Jonathan Essex moved an amendment, presenting the following recommended alternative budget proposals (included in the second supplementary agenda items 5i and 6, published on 6 February 2023), which was formally seconded by Catherine Baart. This was:
Council is asked to approve the following budget proposals:
1. That commitment is made to a Phase 2 of the existing Children’s Homes programme within Children Services.
Budget commitment: £18m additional capital (self-financing borrowing) to deliver an additional 24 beds within Children’s Homes, in addition to the 24-beds approved by Cabinet in November 2022.
2. That the Greener Futures Retrofit Programme is expanded to provide further support to the NHS, private landlords and commercial premises.
Budget commitment: £270k to fund additional resources required. These costs would be fully recouped via charging for the services offered and therefore the net budget impact would be zero.
3. That increased bus usage is encouraged across Surrey by:
· 3.1: allocating specific budget to implement improvements to existing routes and/or provision of new bus routes, following the Future Bus consultation.
Budget commitment: £1m one-off revenue budget to implement the outcomes of the Future Bus Consultation.
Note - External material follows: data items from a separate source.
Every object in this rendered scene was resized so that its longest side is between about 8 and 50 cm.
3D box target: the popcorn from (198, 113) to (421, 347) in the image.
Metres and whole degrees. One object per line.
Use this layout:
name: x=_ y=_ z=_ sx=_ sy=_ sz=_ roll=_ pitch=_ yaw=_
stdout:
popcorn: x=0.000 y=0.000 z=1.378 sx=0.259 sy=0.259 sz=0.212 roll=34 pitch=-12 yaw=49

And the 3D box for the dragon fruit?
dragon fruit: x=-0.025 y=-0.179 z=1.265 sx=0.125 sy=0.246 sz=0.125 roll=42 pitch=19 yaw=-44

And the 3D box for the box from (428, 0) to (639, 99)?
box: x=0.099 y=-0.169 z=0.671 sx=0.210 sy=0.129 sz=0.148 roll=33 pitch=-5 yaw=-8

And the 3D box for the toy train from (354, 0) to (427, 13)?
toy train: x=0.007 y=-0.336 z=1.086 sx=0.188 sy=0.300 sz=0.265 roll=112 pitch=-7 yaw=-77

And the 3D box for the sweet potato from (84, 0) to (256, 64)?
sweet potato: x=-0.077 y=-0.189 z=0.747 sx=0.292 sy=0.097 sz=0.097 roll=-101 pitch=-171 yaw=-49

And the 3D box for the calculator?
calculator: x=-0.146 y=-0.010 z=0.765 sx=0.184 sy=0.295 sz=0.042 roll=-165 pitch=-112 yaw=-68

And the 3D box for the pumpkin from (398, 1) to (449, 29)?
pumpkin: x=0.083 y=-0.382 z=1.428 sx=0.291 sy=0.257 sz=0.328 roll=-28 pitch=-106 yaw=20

Any ongoing future budget commitment will be determined based on assessment of the consultation responses.
· 3.2: undertaking detailed analysis and a feasibility study of the transformation business case for a future £2 maximum bus fare across Surrey, drawing on relevant evidence, impact and learning from the trial of a £2 flat (single) bus fare in Surrey in early 2023.
Budget commitment: £50k consultancy budget specifically to carry out data analysis and feasibility study to better understand the results of the Government pilot and inform future decisions on the potential implementation of a standard £2 bus fare across Surrey.
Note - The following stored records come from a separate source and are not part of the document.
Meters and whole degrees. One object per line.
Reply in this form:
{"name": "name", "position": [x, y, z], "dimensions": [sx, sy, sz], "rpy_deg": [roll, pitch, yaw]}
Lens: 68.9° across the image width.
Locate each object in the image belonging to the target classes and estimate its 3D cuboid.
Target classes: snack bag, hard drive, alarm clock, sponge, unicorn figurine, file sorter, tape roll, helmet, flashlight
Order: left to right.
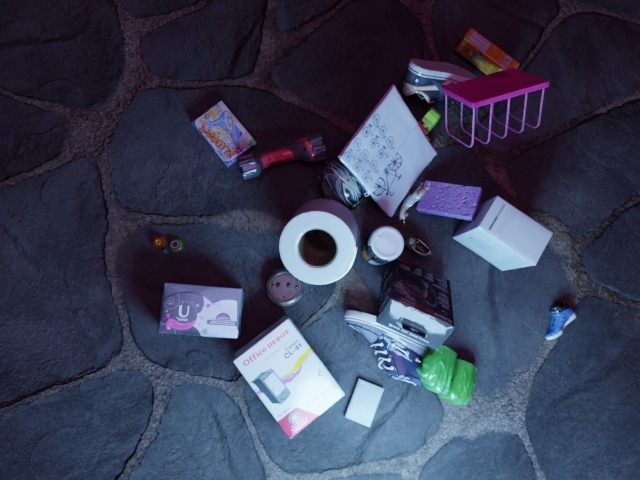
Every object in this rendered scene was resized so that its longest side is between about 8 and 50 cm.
{"name": "flashlight", "position": [-0.134, -0.288, 1.633], "dimensions": [0.303, 0.103, 0.103], "rpy_deg": [-19, 86, -10]}
{"name": "alarm clock", "position": [-0.122, 0.177, 1.582], "dimensions": [0.129, 0.064, 0.192], "rpy_deg": [2, 84, -6]}
{"name": "tape roll", "position": [0.000, 0.000, 1.518], "dimensions": [0.245, 0.169, 0.247], "rpy_deg": [2, 108, 6]}
{"name": "helmet", "position": [0.074, -0.194, 1.600], "dimensions": [0.169, 0.162, 0.170], "rpy_deg": [-4, 61, 7]}
{"name": "hard drive", "position": [0.147, 0.544, 1.569], "dimensions": [0.094, 0.022, 0.135], "rpy_deg": [23, 79, -2]}
{"name": "snack bag", "position": [0.240, -0.285, 1.571], "dimensions": [0.323, 0.037, 0.342], "rpy_deg": [-54, 127, -12]}
{"name": "unicorn figurine", "position": [0.325, -0.141, 1.661], "dimensions": [0.060, 0.162, 0.111], "rpy_deg": [30, 53, 6]}
{"name": "sponge", "position": [0.449, -0.143, 1.642], "dimensions": [0.210, 0.031, 0.117], "rpy_deg": [14, 77, 36]}
{"name": "file sorter", "position": [0.615, -0.471, 1.670], "dimensions": [0.290, 0.202, 0.182], "rpy_deg": [-18, 127, -9]}

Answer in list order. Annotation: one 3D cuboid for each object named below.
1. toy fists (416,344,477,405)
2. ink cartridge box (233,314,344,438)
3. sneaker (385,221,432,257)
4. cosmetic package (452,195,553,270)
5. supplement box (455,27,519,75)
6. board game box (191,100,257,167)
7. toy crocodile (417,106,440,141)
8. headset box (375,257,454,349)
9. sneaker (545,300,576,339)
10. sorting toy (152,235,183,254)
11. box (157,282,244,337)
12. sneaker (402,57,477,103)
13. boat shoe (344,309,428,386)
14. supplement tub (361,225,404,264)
{"name": "toy fists", "position": [0.413, 0.446, 1.527], "dimensions": [0.279, 0.096, 0.142], "rpy_deg": [38, 61, -36]}
{"name": "ink cartridge box", "position": [-0.103, 0.429, 1.496], "dimensions": [0.226, 0.131, 0.306], "rpy_deg": [-37, 93, -8]}
{"name": "sneaker", "position": [0.315, -0.007, 1.646], "dimensions": [0.188, 0.071, 0.066], "rpy_deg": [32, 86, -1]}
{"name": "cosmetic package", "position": [0.618, -0.018, 1.603], "dimensions": [0.224, 0.224, 0.138], "rpy_deg": [35, 80, 0]}
{"name": "supplement box", "position": [0.635, -0.700, 1.783], "dimensions": [0.233, 0.078, 0.080], "rpy_deg": [39, 68, 2]}
{"name": "board game box", "position": [-0.341, -0.378, 1.658], "dimensions": [0.136, 0.035, 0.201], "rpy_deg": [-40, 87, -10]}
{"name": "toy crocodile", "position": [0.291, -0.357, 1.684], "dimensions": [0.340, 0.105, 0.115], "rpy_deg": [-33, 86, -9]}
{"name": "headset box", "position": [0.304, 0.202, 1.504], "dimensions": [0.217, 0.293, 0.110], "rpy_deg": [24, 120, -2]}
{"name": "sneaker", "position": [0.836, 0.279, 1.662], "dimensions": [0.152, 0.058, 0.085], "rpy_deg": [-38, 92, -14]}
{"name": "sorting toy", "position": [-0.517, 0.016, 1.574], "dimensions": [0.101, 0.042, 0.061], "rpy_deg": [5, 81, -5]}
{"name": "box", "position": [-0.378, 0.227, 1.504], "dimensions": [0.247, 0.142, 0.164], "rpy_deg": [5, 80, -5]}
{"name": "sneaker", "position": [0.435, -0.587, 1.736], "dimensions": [0.320, 0.128, 0.126], "rpy_deg": [-3, 45, -28]}
{"name": "boat shoe", "position": [0.217, 0.360, 1.549], "dimensions": [0.340, 0.127, 0.158], "rpy_deg": [23, 73, -3]}
{"name": "supplement tub", "position": [0.203, 0.021, 1.572], "dimensions": [0.116, 0.190, 0.117], "rpy_deg": [1, 82, -6]}

· 3.3 enabling the fast tracking and extension of the potential reach of the Freedom to Travel Transformation Programme.
Budget commitment: £707,500 over 2 years (£310k in 2023/24) to fund additional resources required.
The proposed budget amendments all focus on areas of further transformation and/or pilots for additional activity. The financial impacts are either requirements for initial one-off funding sources or full cost recovery proposals. As such, there are no direct impacts on Directorate budget envelopes for 2023/24. Some proposals may lead to future budget commitments, depending on the outcomes from the pilots proposed.
Table 1. Summary of budget proposals
1. Children Services: Commit to a Phase 2 of the existing Children’s’ Homes programme.
Assumption that the revenue costs associated with the borrowing required would be offset by the revenue efficiencies achieved (subject to business case).
2. Greener Futures Programme: Retrofit Expansion to support NHS, private landlords and commercial premises
Additional expenditure budget of £270k, offset by recoupment of costs via charging for services provided.
3. Increase bus use across Surrey:
3.1 Allocate specific budget to implement improvements to existing/provision of new bus routes, following the Future Bus consultation.
Year 1 would need to be funded from one-off resources, with future commitments to be determined
3.2 Analysis and feasibility study of the transformation business case for a future £2 maximum bus fare across Surrey.
Suggested initial funding from one-off reserves to finance the data analysis and feasibility study. Any decision on implementation of a standard fare across Surrey would be dependent on future decision.
3.3 Enable fast tracking and extend the potential reach of the Freedom to Travel Transformation Programme.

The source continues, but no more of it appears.